The training module is used to input the feature matrix of the frame sequence corresponding to various arousal degrees and the corresponding arousal degree labels into the neural network for training.
A voice wake-up degree acquisition device, characterized in that the device comprises:

an acquisition module, used to acquire the speech to be recognized;

A recognition module, used to input the voice to be recognized into a wake-up level recognition model, and output the wake-up level label of the to-be-recognized voice, where the wake-up level recognition model is the wake-up level according to any one of claims 1-10 Recognition model training method obtained.
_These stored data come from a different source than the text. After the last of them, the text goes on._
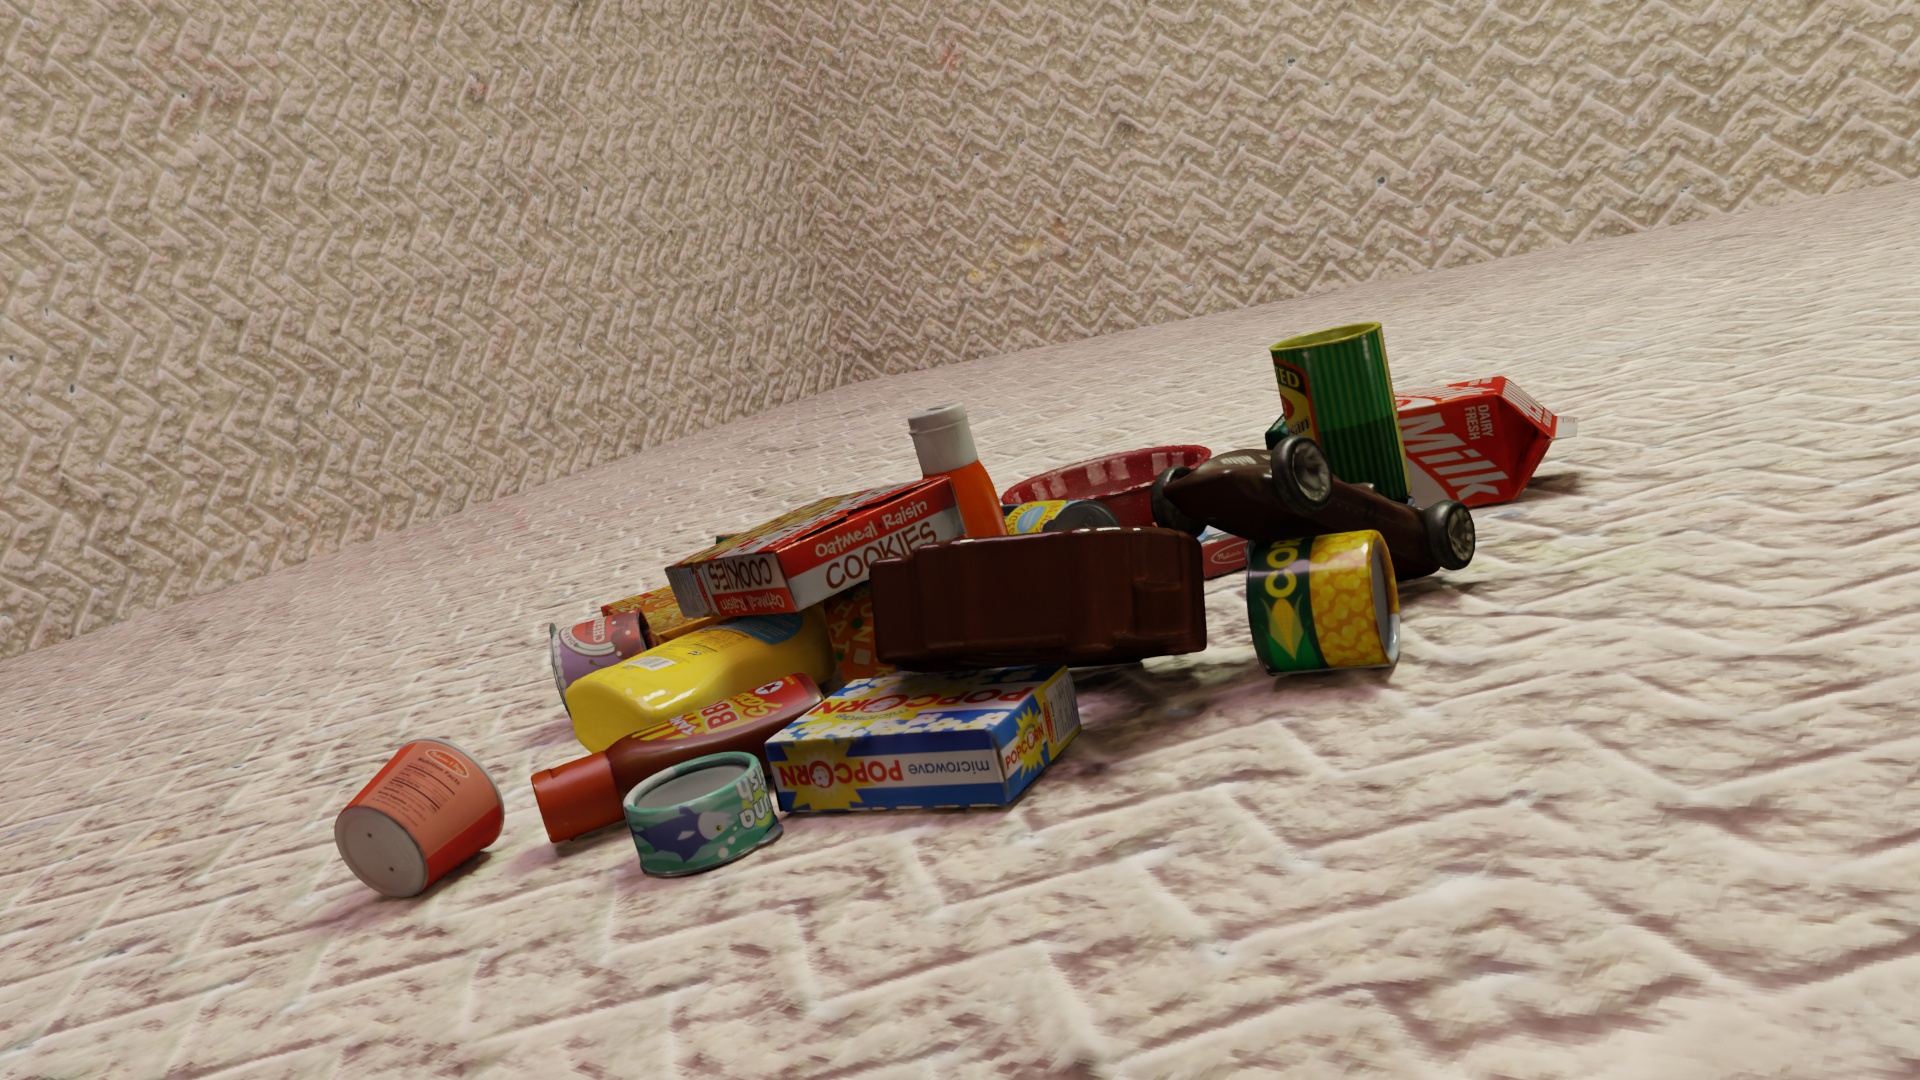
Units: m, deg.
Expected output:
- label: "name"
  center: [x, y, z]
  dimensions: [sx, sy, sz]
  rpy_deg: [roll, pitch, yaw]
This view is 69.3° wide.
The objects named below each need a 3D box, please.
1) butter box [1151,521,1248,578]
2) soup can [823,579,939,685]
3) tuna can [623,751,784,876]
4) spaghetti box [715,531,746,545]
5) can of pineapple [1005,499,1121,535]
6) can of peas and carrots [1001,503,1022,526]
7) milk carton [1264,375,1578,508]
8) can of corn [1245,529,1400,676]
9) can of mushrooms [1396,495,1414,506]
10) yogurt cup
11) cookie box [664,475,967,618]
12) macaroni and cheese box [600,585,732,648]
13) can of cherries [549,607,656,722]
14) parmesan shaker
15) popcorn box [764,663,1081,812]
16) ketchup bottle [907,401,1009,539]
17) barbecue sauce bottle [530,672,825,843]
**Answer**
- label: "butter box"
  center: [0.169, 0.000, 0.932]
  dimensions: [0.053, 0.024, 0.103]
  rpy_deg: [-15, 11, -8]
- label: "soup can"
  center: [-0.032, 0.047, 0.817]
  dimensions: [0.084, 0.071, 0.071]
  rpy_deg: [-17, 11, 2]
- label: "tuna can"
  center: [-0.119, 0.125, 0.644]
  dimensions: [0.071, 0.032, 0.071]
  rpy_deg: [-14, 11, 3]
- label: "spaghetti box"
  center: [-0.092, -0.005, 1.153]
  dimensions: [0.050, 0.028, 0.251]
  rpy_deg: [0, 7, 42]
- label: "can of pineapple"
  center: [0.065, 0.005, 0.920]
  dimensions: [0.071, 0.071, 0.058]
  rpy_deg: [-21, 12, -31]
- label: "can of peas and carrots"
  center: [0.022, 0.011, 0.968]
  dimensions: [0.071, 0.058, 0.071]
  rpy_deg: [-14, 11, 3]
- label: "milk carton"
  center: [0.310, -0.061, 0.928]
  dimensions: [0.190, 0.073, 0.072]
  rpy_deg: [-8, 12, 26]
- label: "can of corn"
  center: [0.173, 0.028, 0.664]
  dimensions: [0.058, 0.071, 0.071]
  rpy_deg: [-8, 12, 27]
- label: "can of mushrooms"
  center: [0.240, -0.004, 0.836]
  dimensions: [0.071, 0.033, 0.071]
  rpy_deg: [-14, 11, 3]
- label: "yogurt cup"
  center: [-0.270, 0.140, 0.690]
  dimensions: [0.072, 0.072, 0.054]
  rpy_deg: [-9, 20, 25]
- label: "cookie box"
  center: [-0.092, 0.005, 0.851]
  dimensions: [0.123, 0.040, 0.167]
  rpy_deg: [-26, 10, -32]
- label: "macaroni and cheese box"
  center: [-0.190, 0.059, 1.047]
  dimensions: [0.124, 0.040, 0.166]
  rpy_deg: [-18, 12, -26]
- label: "can of cherries"
  center: [-0.231, 0.081, 0.911]
  dimensions: [0.058, 0.071, 0.071]
  rpy_deg: [-15, 11, -5]
- label: "parmesan shaker"
  center: [0.228, -0.072, 0.830]
  dimensions: [0.071, 0.103, 0.071]
  rpy_deg: [-14, 11, 3]
- label: "popcorn box"
  center: [-0.017, 0.094, 0.659]
  dimensions: [0.126, 0.038, 0.085]
  rpy_deg: [-8, 12, 30]
- label: "ketchup bottle"
  center: [0.003, -0.011, 0.869]
  dimensions: [0.044, 0.148, 0.064]
  rpy_deg: [-20, 12, -24]
- label: "barbecue sauce bottle"
  center: [-0.141, 0.112, 0.712]
  dimensions: [0.149, 0.043, 0.065]
  rpy_deg: [-18, 13, -18]
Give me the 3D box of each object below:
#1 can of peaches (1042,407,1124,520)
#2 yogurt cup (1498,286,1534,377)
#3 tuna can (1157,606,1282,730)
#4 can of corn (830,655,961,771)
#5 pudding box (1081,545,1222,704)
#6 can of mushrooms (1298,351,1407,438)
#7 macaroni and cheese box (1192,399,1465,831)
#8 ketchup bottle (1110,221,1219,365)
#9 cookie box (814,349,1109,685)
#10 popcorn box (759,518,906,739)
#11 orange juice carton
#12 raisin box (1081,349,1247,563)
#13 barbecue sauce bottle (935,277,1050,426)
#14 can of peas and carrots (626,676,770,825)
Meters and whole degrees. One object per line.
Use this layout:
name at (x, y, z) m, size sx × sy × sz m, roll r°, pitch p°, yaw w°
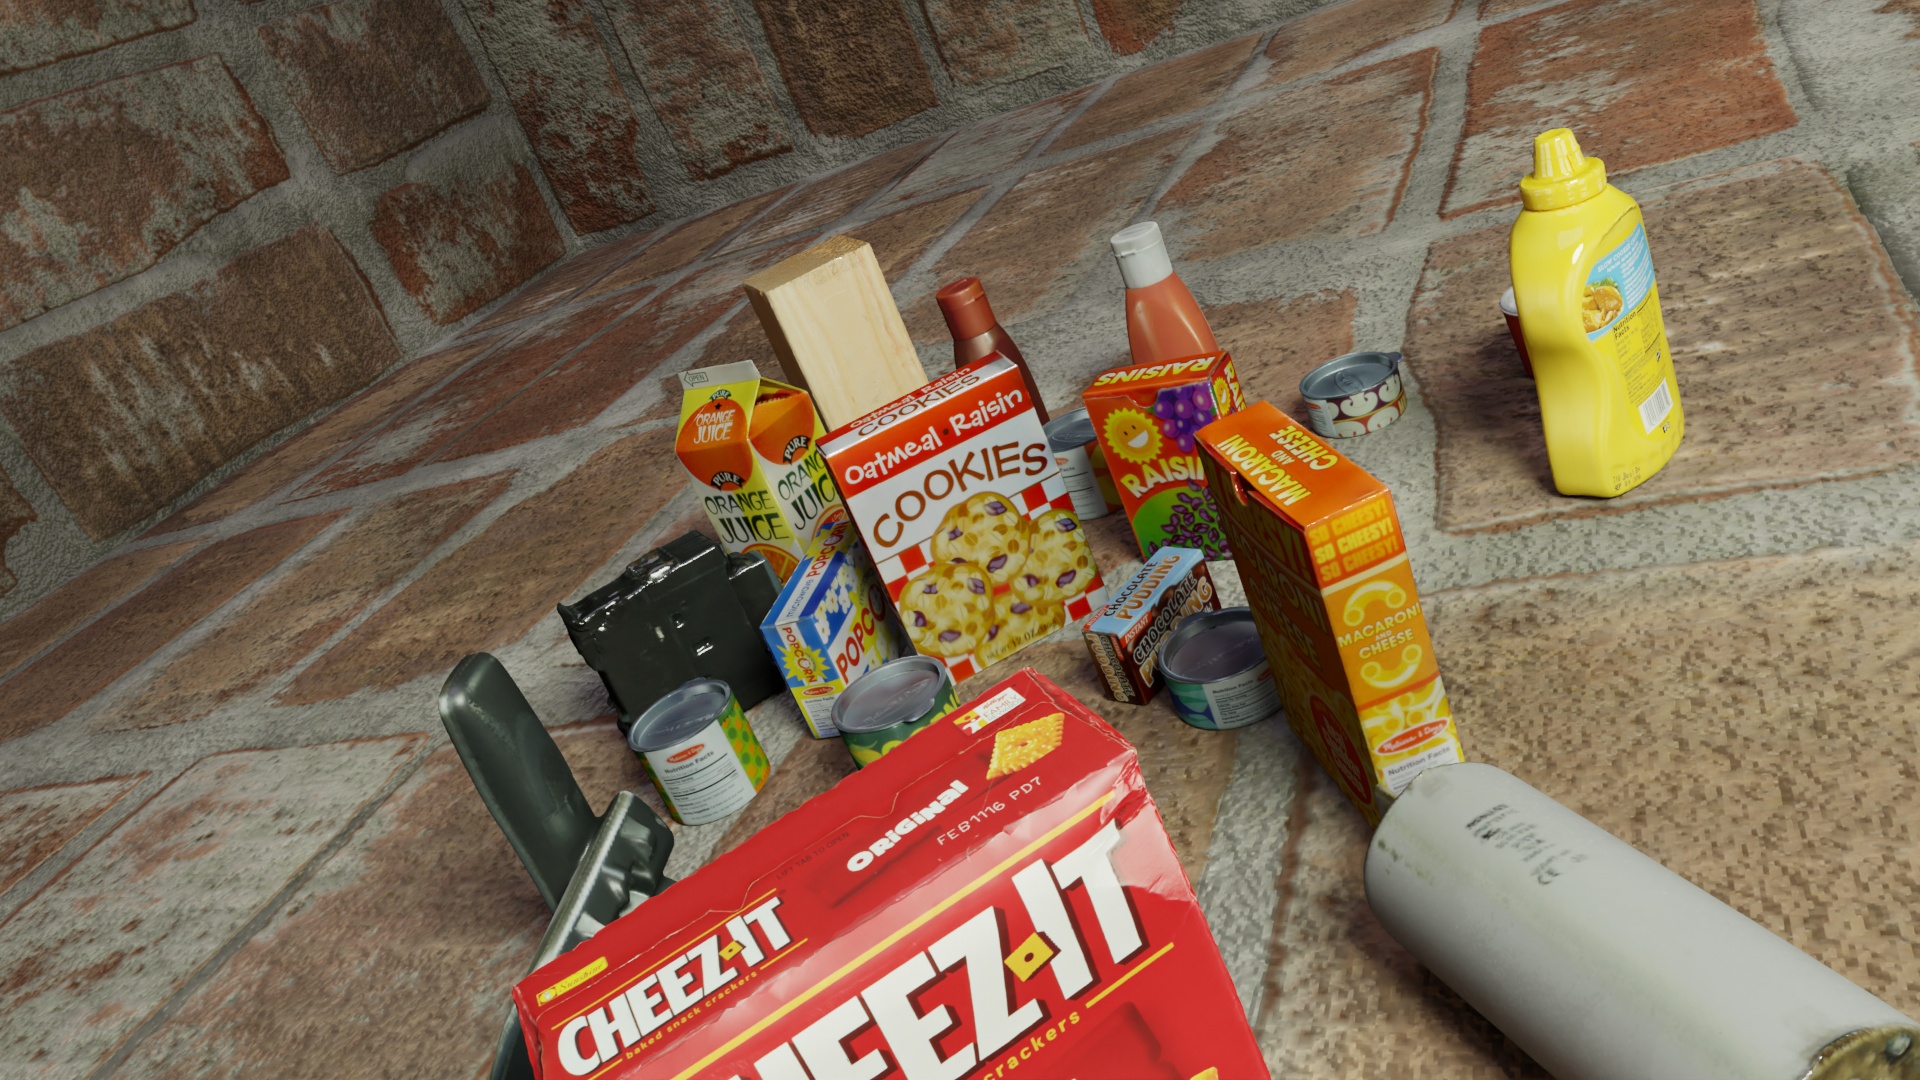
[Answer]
can of peaches at (0.091, -0.056, 0.978) m, size 0.071 × 0.058 × 0.071 m, roll -19°, pitch 24°, yaw 9°
yogurt cup at (0.386, -0.138, 0.891) m, size 0.072 × 0.053 × 0.073 m, roll -19°, pitch 24°, yaw 9°
tuna can at (0.136, 0.065, 0.716) m, size 0.071 × 0.032 × 0.071 m, roll -19°, pitch 24°, yaw 9°
can of corn at (-0.027, 0.105, 0.745) m, size 0.071 × 0.058 × 0.071 m, roll -19°, pitch 24°, yaw 9°
pudding box at (0.106, 0.045, 0.762) m, size 0.030 × 0.049 × 0.084 m, roll 3°, pitch 35°, yaw 46°
can of mushrooms at (0.269, -0.100, 0.941) m, size 0.071 × 0.033 × 0.071 m, roll -19°, pitch 24°, yaw 9°
macaroni and cheese box at (0.157, 0.036, 0.589) m, size 0.040 × 0.166 × 0.124 m, roll -24°, pitch 23°, yaw -1°
ketchup bottle at (0.152, -0.161, 1.032) m, size 0.064 × 0.148 × 0.044 m, roll -6°, pitch 29°, yaw 34°
cookie box at (0.003, -0.010, 0.826) m, size 0.123 × 0.167 × 0.040 m, roll -27°, pitch 23°, yaw -8°
popcorn box at (-0.073, 0.052, 0.867) m, size 0.038 × 0.085 × 0.127 m, roll -14°, pitch 25°, yaw 21°
orange juice carton at (-0.131, -0.037, 0.971) m, size 0.071 × 0.192 × 0.073 m, roll -5°, pitch 29°, yaw 37°
raisin box at (0.135, -0.047, 0.839) m, size 0.086 × 0.123 × 0.040 m, roll -5°, pitch 29°, yaw 36°
barbecue sauce bottle at (0.025, -0.131, 1.084) m, size 0.043 × 0.148 × 0.065 m, roll 0°, pitch 33°, yaw 43°
can of peas and carrots at (-0.153, 0.124, 0.820) m, size 0.071 × 0.058 × 0.071 m, roll -19°, pitch 24°, yaw 9°

A computer device, characterized by comprising a memory and a processor, wherein the memory is used to store a computer program, and the computer program executes the wake-up degree according to any one of claims 1 to 10 when the processor runs The recognition model training method, or the voice arousal degree acquisition method according to claim 11 .
A computer-readable storage medium, characterized in that it stores a computer program, and when the computer program runs on a processor, the computer program executes the method for training an arousal degree recognition model according to any one of claims 1 to 10, or the right The method for acquiring the voice arousal degree according to requirement 11 is required.